[Nona Seção do Capítulo Quarto]
The Examination of Praxeological Theorems
The epistemologist who starts his lucubrations from the
analysis of the methods of the natural sciences and whom blinkers
prevent from perceiving anything beyond this field tells us
merely that the natural sciences are the natural sciences and
that what is not natural science is not natural science. About the
sciences of human action he does not know anything, and therefore
all that he utters about them is of no consequence.
It is not a discovery made by these authors that the theories of
praxeology cannot be refuted by experiments nor confirmed by
their successful employment in the construction of various gadgets.
These facts are precisely one aspect of our problem.
The positivist doctrine implies that nature and reality, in
providing the sense data that the protocol sentences register,
write their own story upon the white sheet of the human mind.
The kind of experience to which they refer in speaking of
verifiability and refutability is, as they think, something that
does not depend in any way on the logical structure of the human
mind.

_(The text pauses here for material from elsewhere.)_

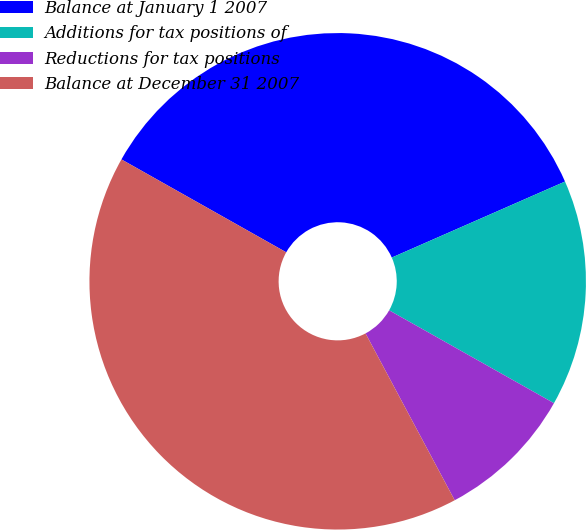Convert chart to OTSL. <chart><loc_0><loc_0><loc_500><loc_500><pie_chart><fcel>Balance at January 1 2007<fcel>Additions for tax positions of<fcel>Reductions for tax positions<fcel>Balance at December 31 2007<nl><fcel>35.25%<fcel>14.75%<fcel>9.02%<fcel>40.98%<nl></chart>

It provides a faithful image of reality. On the other hand,
they suppose, reason is arbitrary and therefore liable to error
and misinterpretation.
This doctrine not only fails to make allowance for the fallibility
of our apprehension of sense objects; it does not realize that
perception is more than just sensuous apprehension, that it is an
intellectual act performed by the mind. In this regard both
associationism and Gestalt psychology agree. There is no reason
to ascribe to the operation the mind performs in the act of becoming
aware of an external object a higher epistemological dignity
than to the operation the mind performs in describing its own
ways of procedure.
In fact, nothing is more certain for the human mind than
what the category of human action brings into relief. There is
no human being to whom the intent is foreign to substitute by
appropriate conduct one state of affairs for another state of affairs
that would prevail if he did not interfere. Only where there is
action are there men.
What we know about our own actions and about those of other
people is conditioned by our familiarity with the category of
action that we owe to a process of self-examination and introspection
as well as of understanding of other peoples' conduct.

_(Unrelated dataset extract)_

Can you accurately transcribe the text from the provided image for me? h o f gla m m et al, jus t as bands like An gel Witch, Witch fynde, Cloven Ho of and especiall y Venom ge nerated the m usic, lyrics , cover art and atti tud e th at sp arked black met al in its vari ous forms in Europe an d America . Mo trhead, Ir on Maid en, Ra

To question this insight is no less impossible than to question
the fact that we are alive.
He who wants to attack a praxeological theorem has to trace it
back, step by step, until he reaches a point in which, in the chain
of reasoning that resulted in the theorem concerned, a logical
error can be unmasked. But if this regressive process of deduction
ends at the category of action without having discovered a vicious
link in the chain of reasoning, the theorem is fully confirmed.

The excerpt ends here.